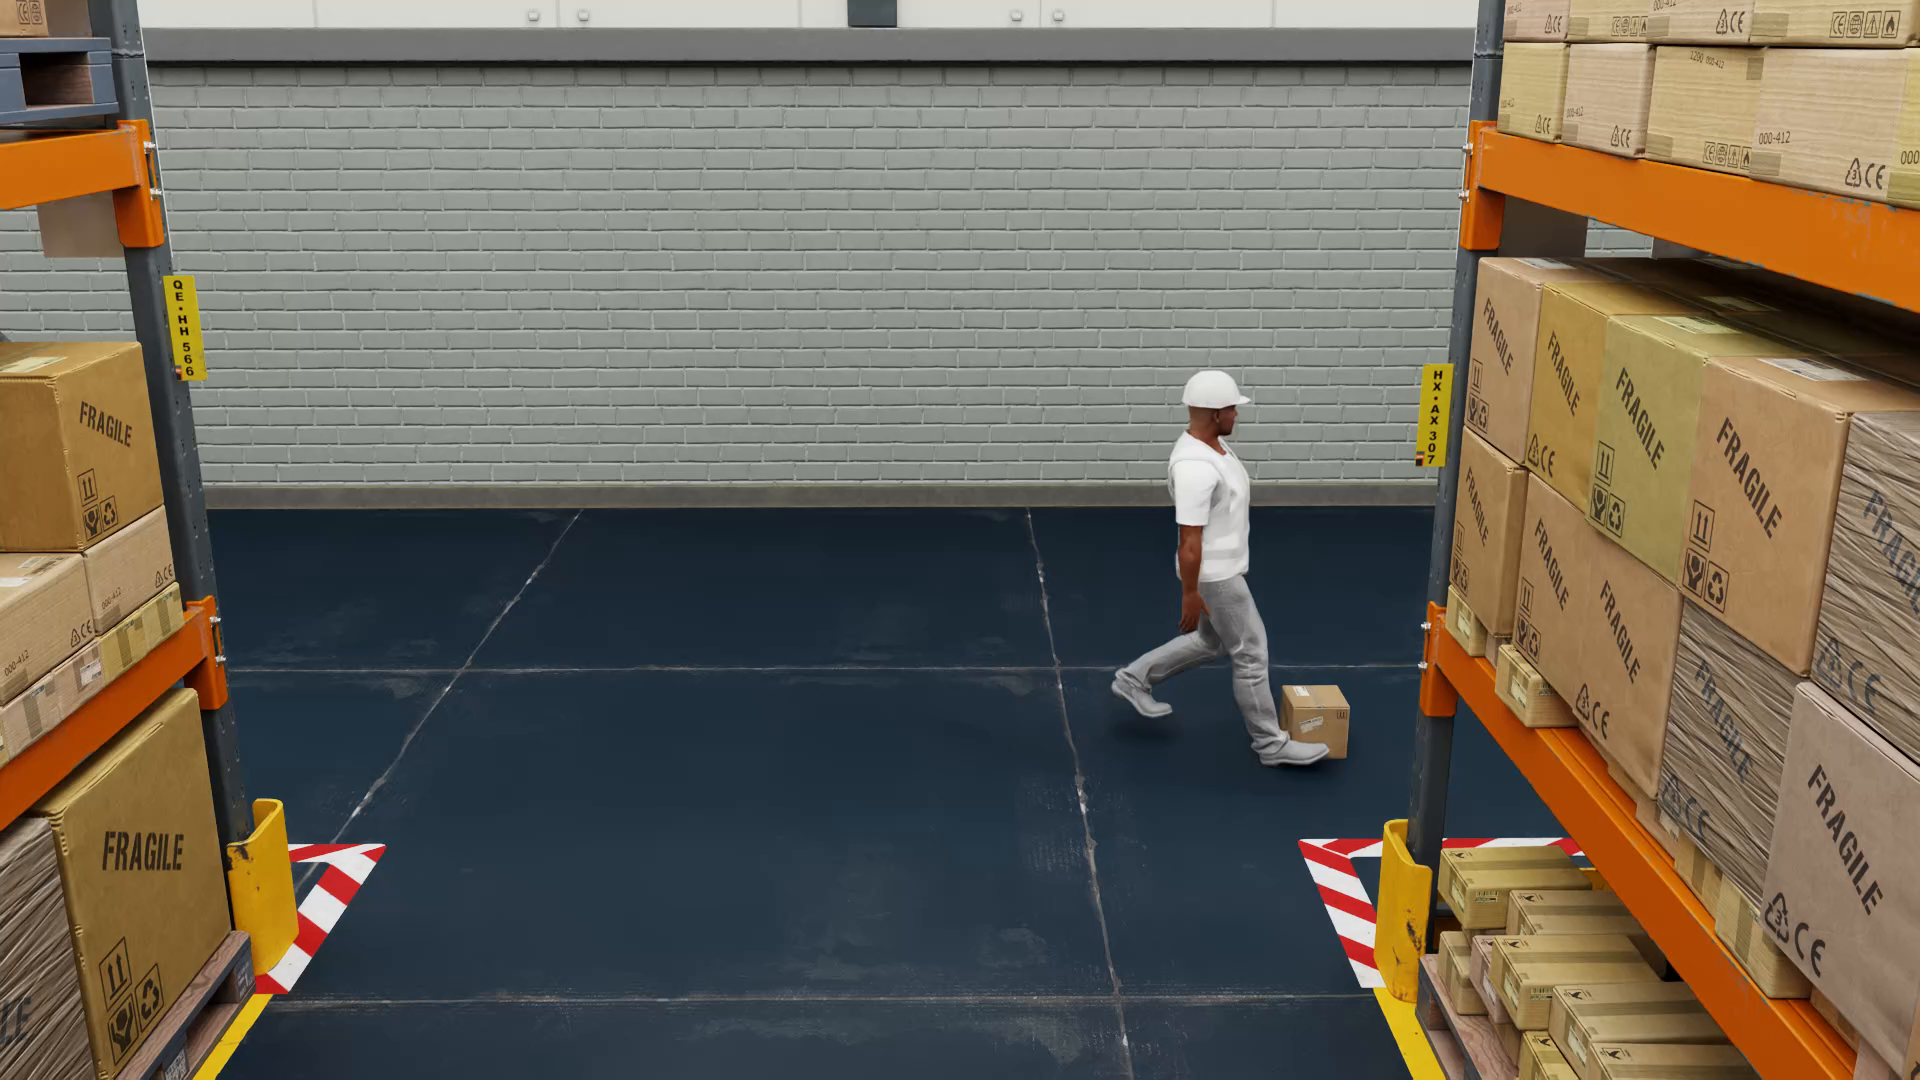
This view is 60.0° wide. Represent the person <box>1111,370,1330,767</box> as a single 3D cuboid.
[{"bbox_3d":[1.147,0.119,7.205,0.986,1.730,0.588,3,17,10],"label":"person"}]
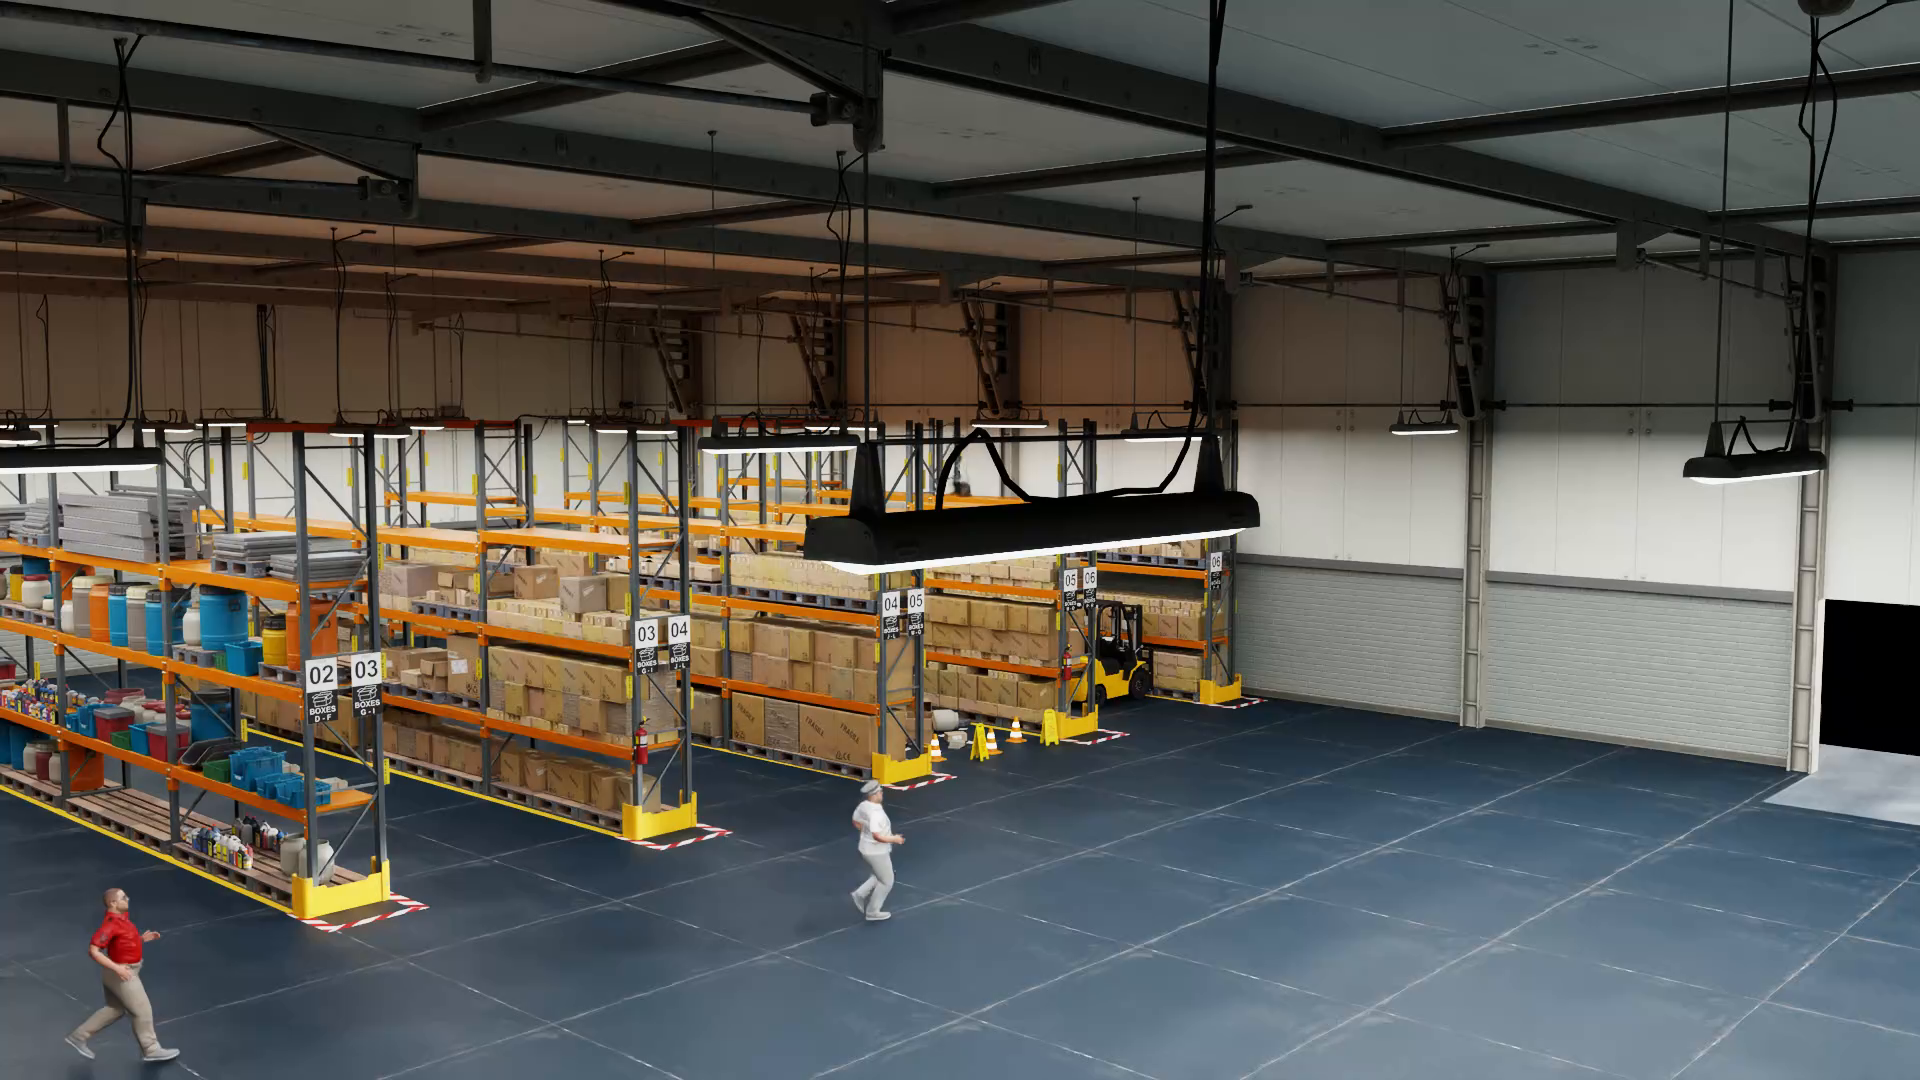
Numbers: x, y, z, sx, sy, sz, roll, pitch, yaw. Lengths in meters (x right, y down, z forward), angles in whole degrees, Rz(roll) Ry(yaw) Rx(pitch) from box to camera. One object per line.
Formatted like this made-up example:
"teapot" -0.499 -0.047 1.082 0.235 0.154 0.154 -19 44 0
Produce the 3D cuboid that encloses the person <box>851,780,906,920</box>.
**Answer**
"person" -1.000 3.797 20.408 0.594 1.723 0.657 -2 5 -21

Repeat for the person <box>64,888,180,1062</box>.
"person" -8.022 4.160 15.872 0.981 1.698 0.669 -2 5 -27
□ □ □ □
WHAT YOU HAVE TO DO:
Only the text of the listing above should be copied, exactly and with pictures left out.

RESPONSE FOR THIS EXERCISE:
This view is 60.0° wide. Represent the person <box>1111,370,1330,767</box> as a single 3D cuboid.
[{"bbox_3d":[1.147,0.119,7.205,0.986,1.730,0.588,3,17,10],"label":"person"}]
Numbers: x, y, z, sx, sy, sz, roll, pitch, yaw. Lengths in meters (x right, y down, z forward), angles in whole degrees, Rz(roll) Ry(yaw) Rx(pitch) from box to camera. One object per line.
Formatted like this made-up example:
"teapot" -0.499 -0.047 1.082 0.235 0.154 0.154 -19 44 0
Produce the 3D cuboid that encloses the person <box>851,780,906,920</box>.
**Answer**
"person" -1.000 3.797 20.408 0.594 1.723 0.657 -2 5 -21

Repeat for the person <box>64,888,180,1062</box>.
"person" -8.022 4.160 15.872 0.981 1.698 0.669 -2 5 -27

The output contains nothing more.